▶ [INFORMATION PROVIDED]
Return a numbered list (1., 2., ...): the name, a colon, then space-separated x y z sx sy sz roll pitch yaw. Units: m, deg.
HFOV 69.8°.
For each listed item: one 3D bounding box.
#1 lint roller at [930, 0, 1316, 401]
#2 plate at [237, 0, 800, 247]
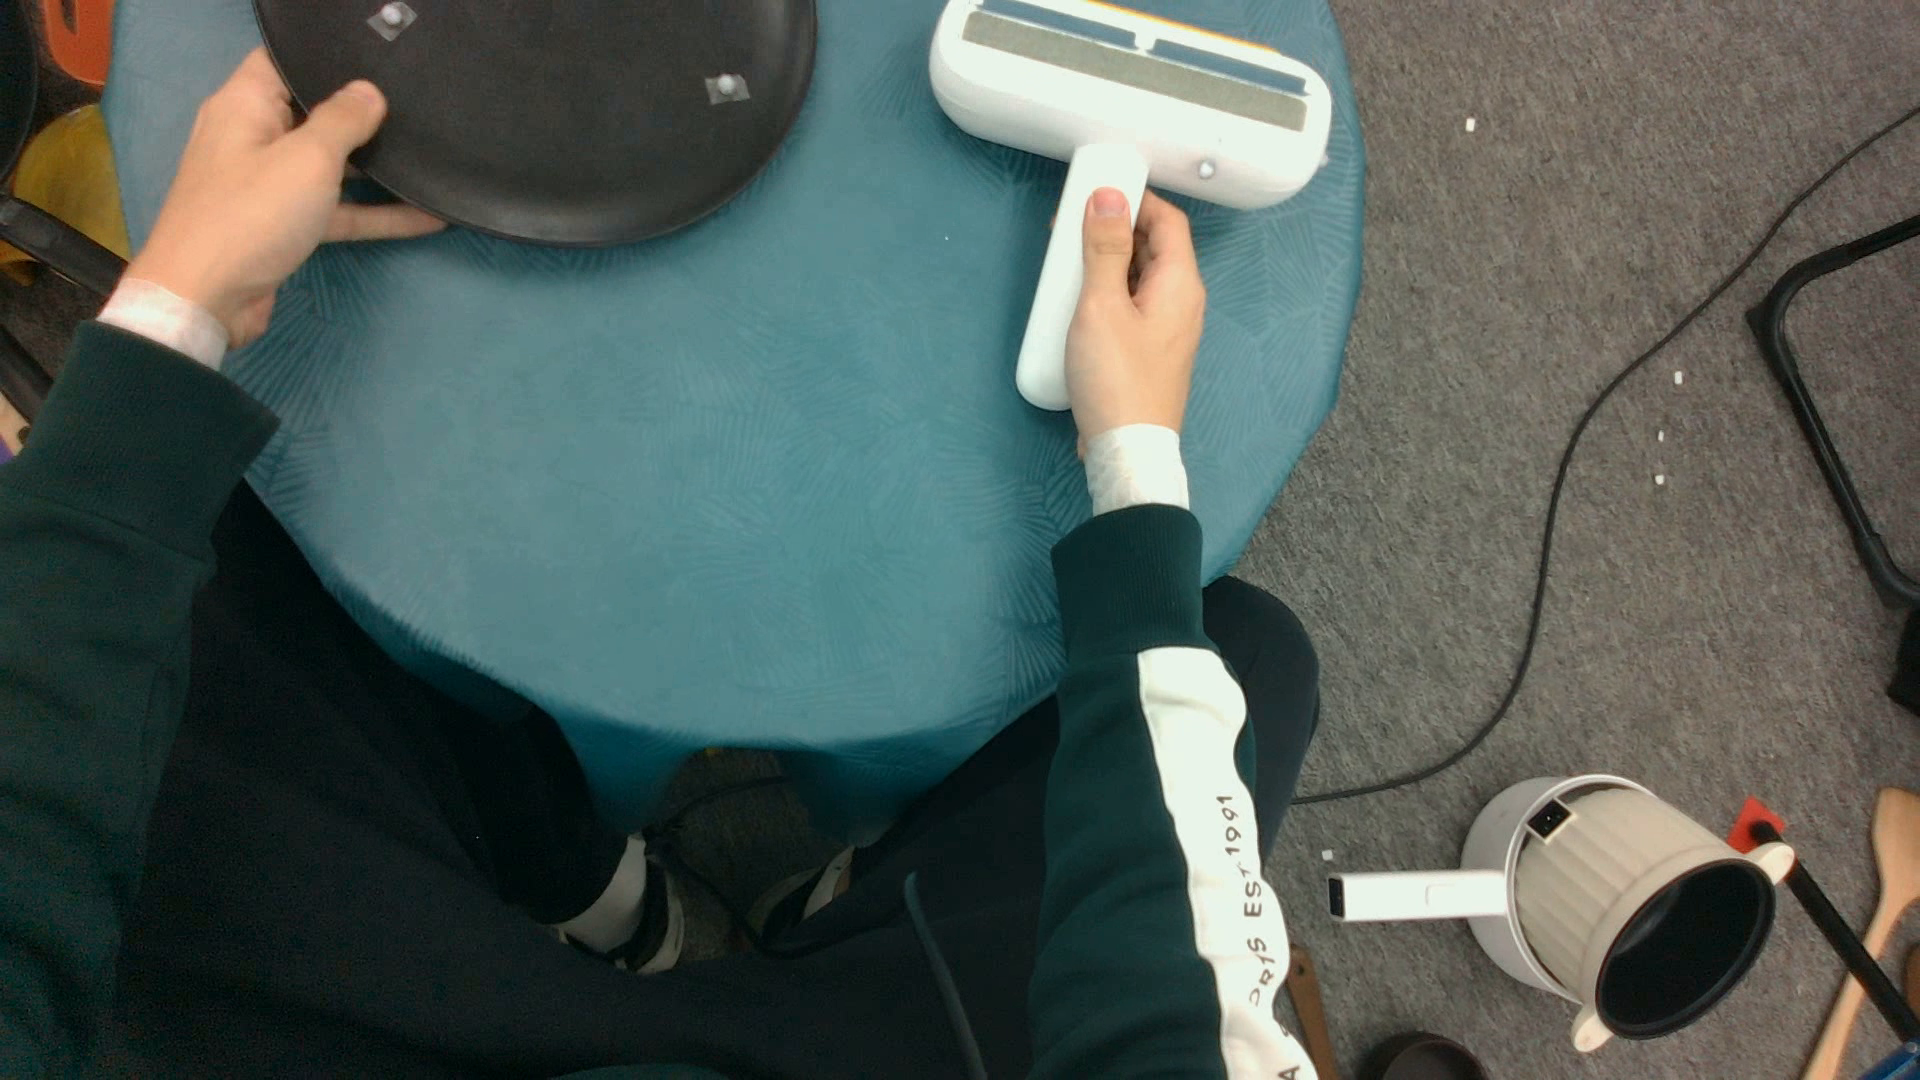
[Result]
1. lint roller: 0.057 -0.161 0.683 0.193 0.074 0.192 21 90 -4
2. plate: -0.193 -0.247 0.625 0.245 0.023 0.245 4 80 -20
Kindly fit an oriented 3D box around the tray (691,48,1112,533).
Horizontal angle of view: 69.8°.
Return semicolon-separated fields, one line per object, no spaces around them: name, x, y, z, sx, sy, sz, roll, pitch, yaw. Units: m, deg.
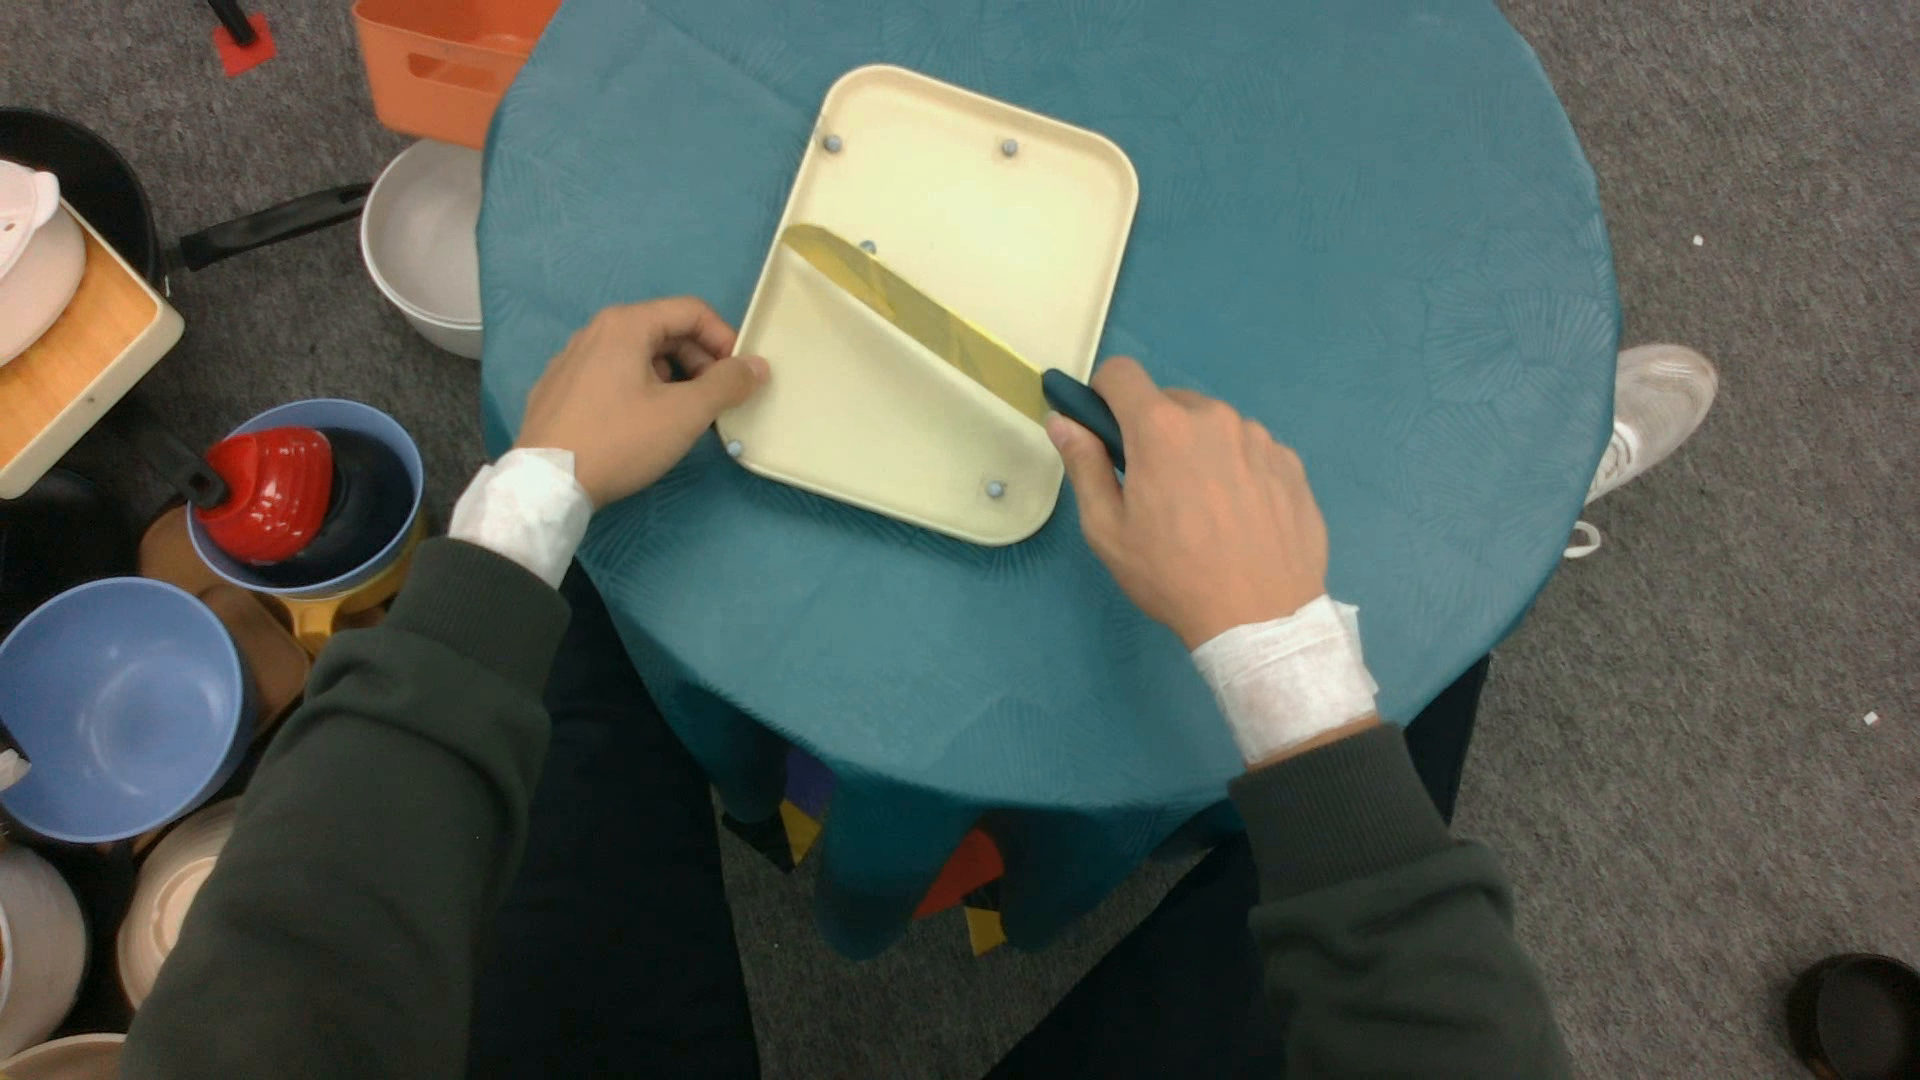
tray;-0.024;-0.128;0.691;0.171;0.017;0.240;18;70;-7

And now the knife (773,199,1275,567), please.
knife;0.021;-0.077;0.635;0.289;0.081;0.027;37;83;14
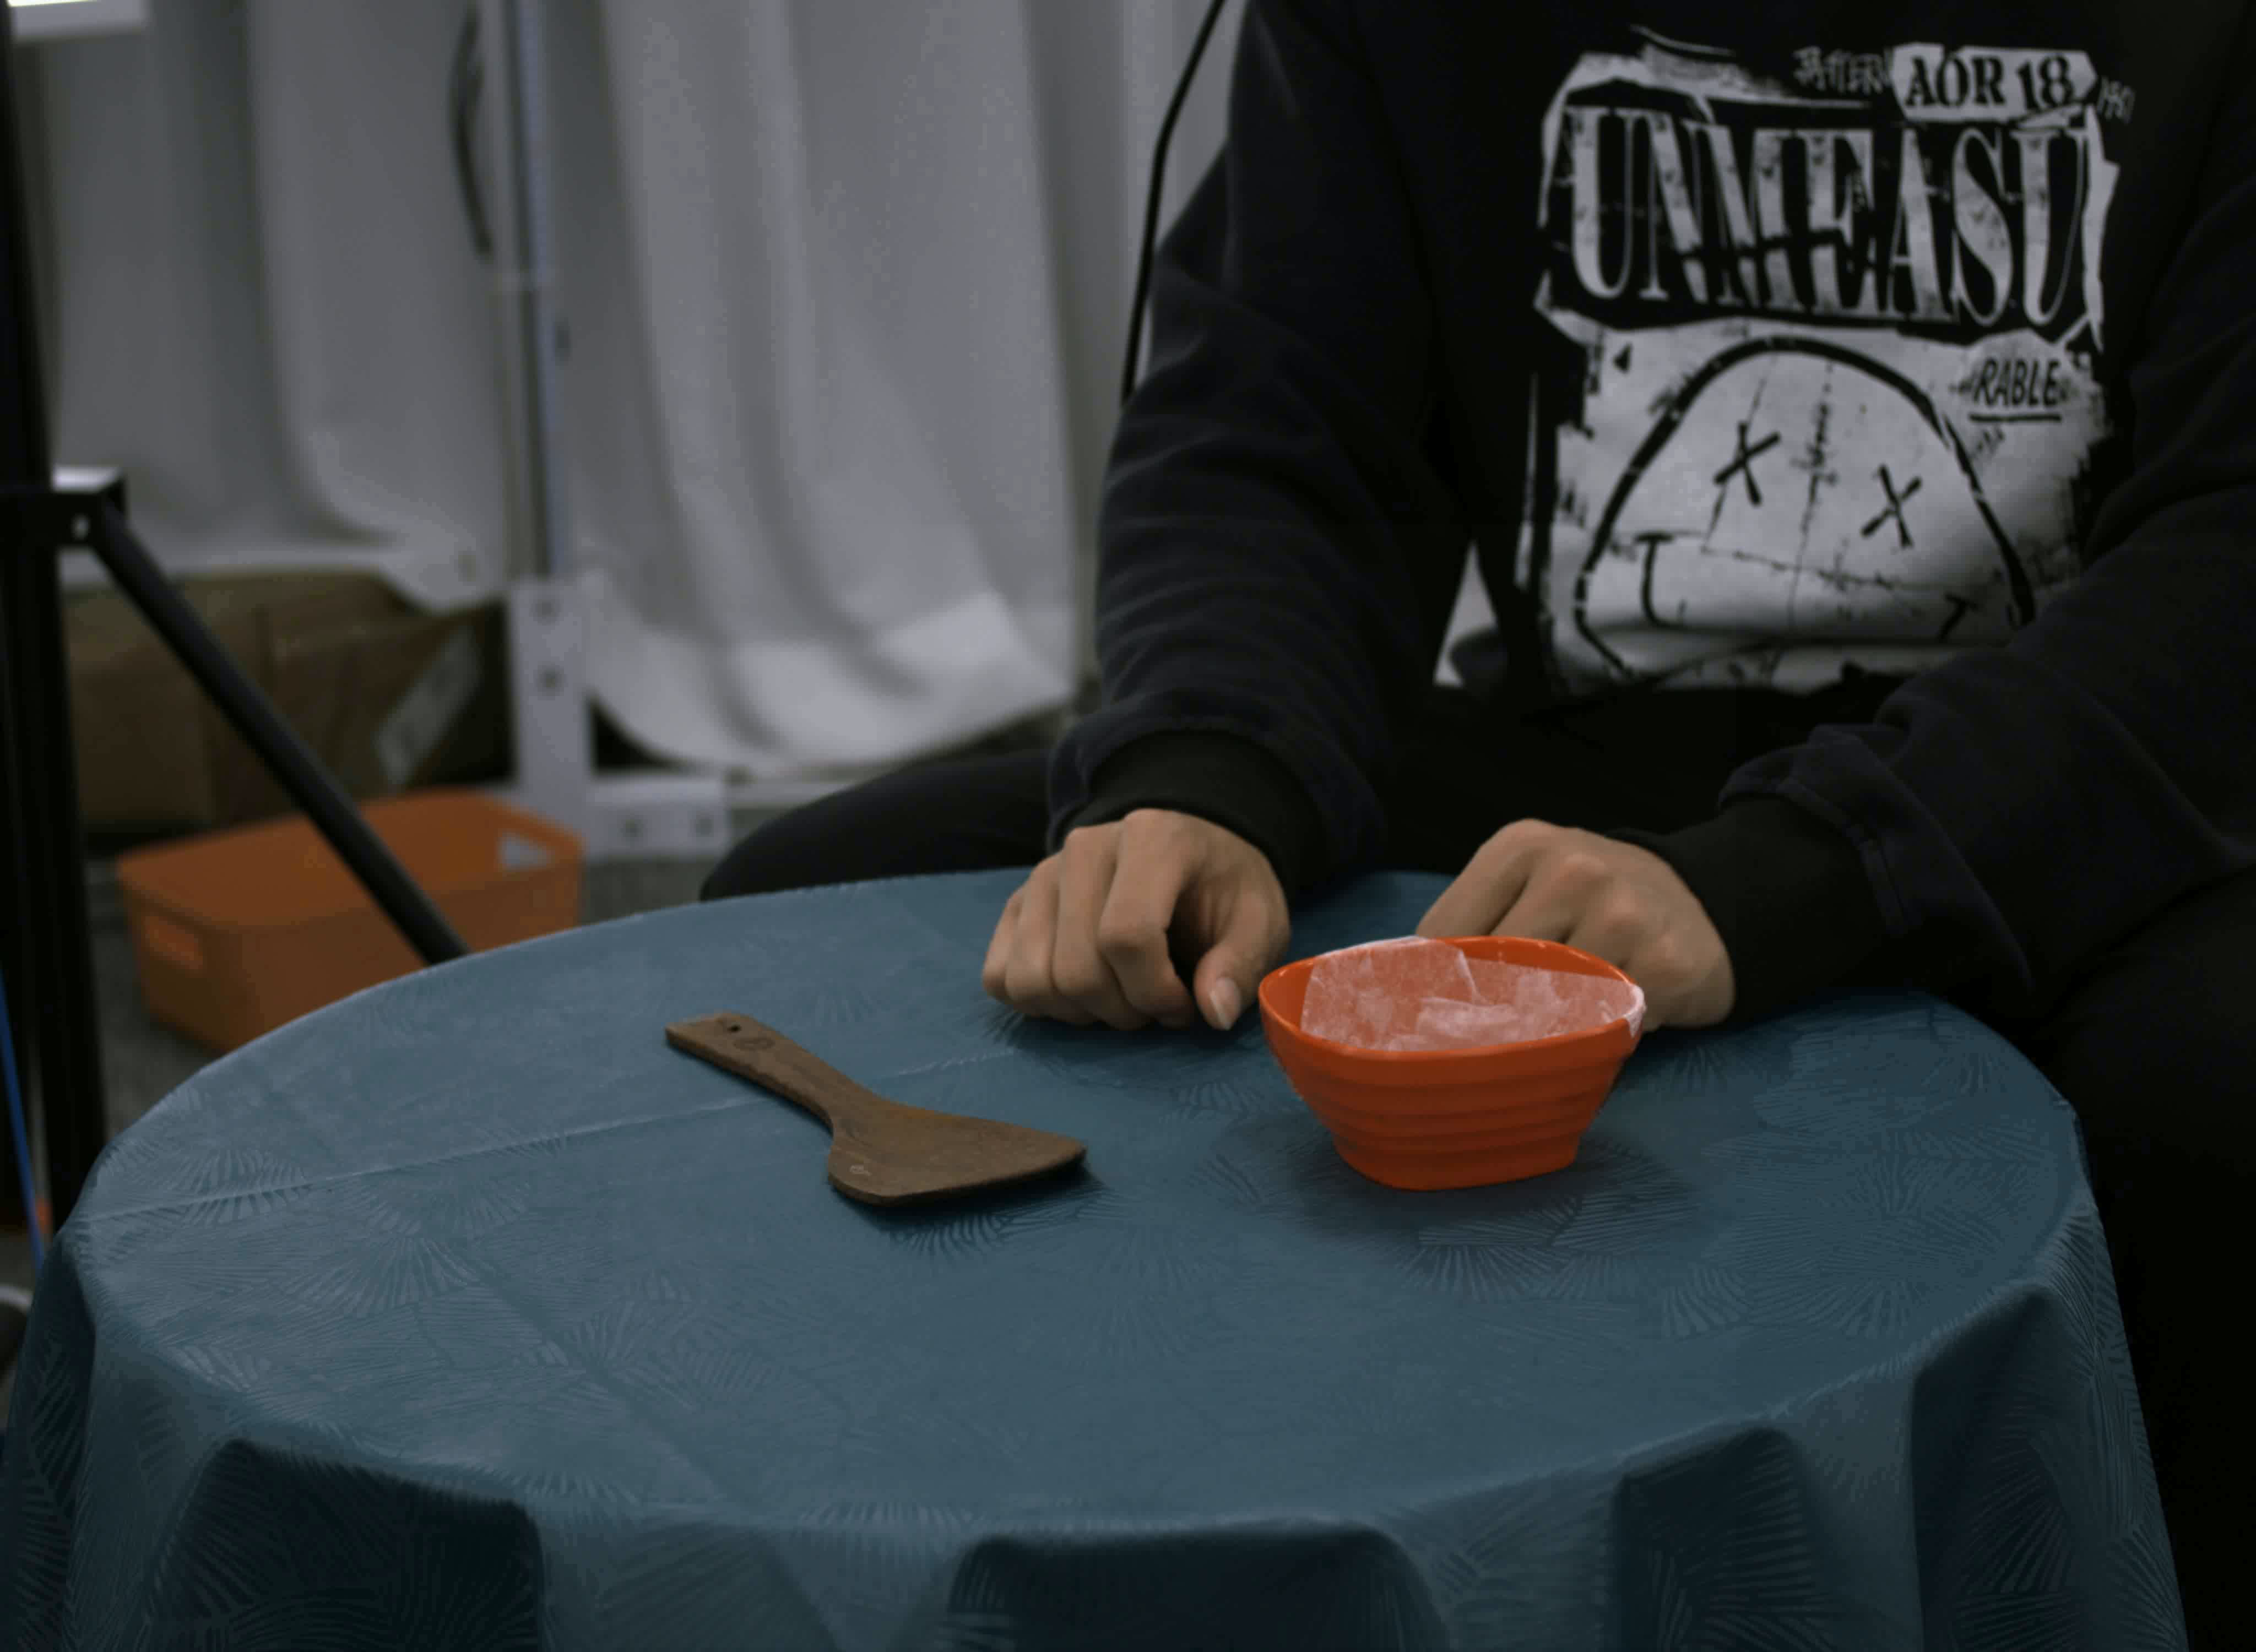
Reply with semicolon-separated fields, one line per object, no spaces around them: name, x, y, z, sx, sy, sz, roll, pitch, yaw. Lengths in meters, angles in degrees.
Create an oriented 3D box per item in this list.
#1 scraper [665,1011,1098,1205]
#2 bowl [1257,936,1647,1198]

▶ [ACTIVITY] Pictures are to be left out. Everything else in the records above gets repeated exactly.

▶ [ANSWER AREA]
Return a numbered list (1., 2., ...): the name, a colon, then space-separated x y z sx sy sz roll pitch yaw. Units: m, deg.
HFOV 69.8°.
For each listed item: one 3D bounding box.
#1 lint roller at [930, 0, 1316, 401]
#2 plate at [237, 0, 800, 247]
[Result]
1. lint roller: 0.057 -0.161 0.683 0.193 0.074 0.192 21 90 -4
2. plate: -0.193 -0.247 0.625 0.245 0.023 0.245 4 80 -20
Kindly fit an oriented 3D box around the tray (691,48,1112,533).
Horizontal angle of view: 69.8°.
Return semicolon-separated fields, one line per object, no spaces around them: name, x, y, z, sx, sy, sz, roll, pitch, yaw. Units: m, deg.
tray;-0.024;-0.128;0.691;0.171;0.017;0.240;18;70;-7

And now the knife (773,199,1275,567), please.
knife;0.021;-0.077;0.635;0.289;0.081;0.027;37;83;14
Reply with semicolon-separated fields, one line per object, no spaces around them: name, x, y, z, sx, sy, sz, roll, pitch, yaw. Lengths in meters, angles in degrees.
Create an oriented 3D box per item in this list.
#1 scraper [665,1011,1098,1205]
#2 bowl [1257,936,1647,1198]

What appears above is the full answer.